Forecasting and Analyzing Wine Vintage Scores

Go to Part 2 Forecasting
Go to Part 3 Important Features

Drinking wine is one of my favorite hobbies, and I genuinely get excited each time I have a glass as I try to figure out how ‘good’ a wine tastes. It’s fun to compare my own subjective ratings with more ‘objective’ vintage scores. Different organizations hand these out, and all of them in some sense score a wine based on the year it was made.

Now I don’t know too much about how these vintages are scored, but what I found really interesting to think about is what makes a vintage ‘good’ or ‘bad’ in the first place? I’ve heard people throw around comments before like “2020 was a great year because the weather was favorable”. But what does that actually mean? Unless you’re a seasoned grape grower, it’s hard to understand what contributes to this vintage score.

Does weather predict wine quality?

Outline

So my idea behind this project is to try to connect the dots and see if actual weather data can tell us something about why certain years get higher vintage scores. I’ll approach this in 2 ways. First, I’ll try to see if I could build a model to predict wine scores based on historical weather data. Second, I’ll analyze the historical weather data and identify what factors contribute the most to wine vintage scores.

Data

I collected wine vintage scores from Wine Enthusiast. The vintage score data is theoretically scored from 0 to 100. However, in the data the scores range from 81 to 100. The data covers years from 1997 to 2025 and I targeted popular wine producing countries, noting the grape/wine type by each region within that country (i.e. some regions within a country have more than one wine type). One limitation of this data is that in reality, many regions produce more than 1-3 types of wine. For instance, Napa Valley produces Syrah which is not listed on Wine Enthusiast. This means that these unlisted wines are out of the scope of this project. In the end, the dataset contained 16 regions spanning across U.S., Italy, Australia, Argentina, Chile, and France for a total of 26 unique wine-region combinations.

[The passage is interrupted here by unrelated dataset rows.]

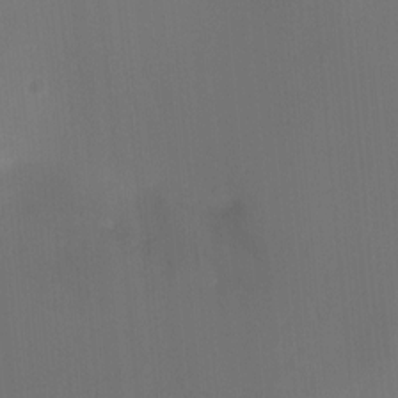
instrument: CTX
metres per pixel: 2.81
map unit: Ht
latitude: -11.8989
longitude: -46.8569

The table below shows some descriptive statistics of the wine vintage scores.

Statistic	Value
Mean	91.67
Standard Deviation	3.27
Median	92.00
Minimum	81.00
Maximum	100.00

Correpsonding historical weather data for the same 16 regions was sourced from WeatherSpark. The site requires a paid subscription, so to download the data, I paid for a month (sad). One major limitation to note of this data is that the historical data comes from the nearest airport meteorological station. This means that the weather data location is approximate to the actual vineyard areas, so the available data reflects general weather conditions across a broader region, not the specific microclimates of individual vineyard plots. Because of this, I assume that the regional weather can serve as a proxy for the conditions affecting all listed wine types in that region.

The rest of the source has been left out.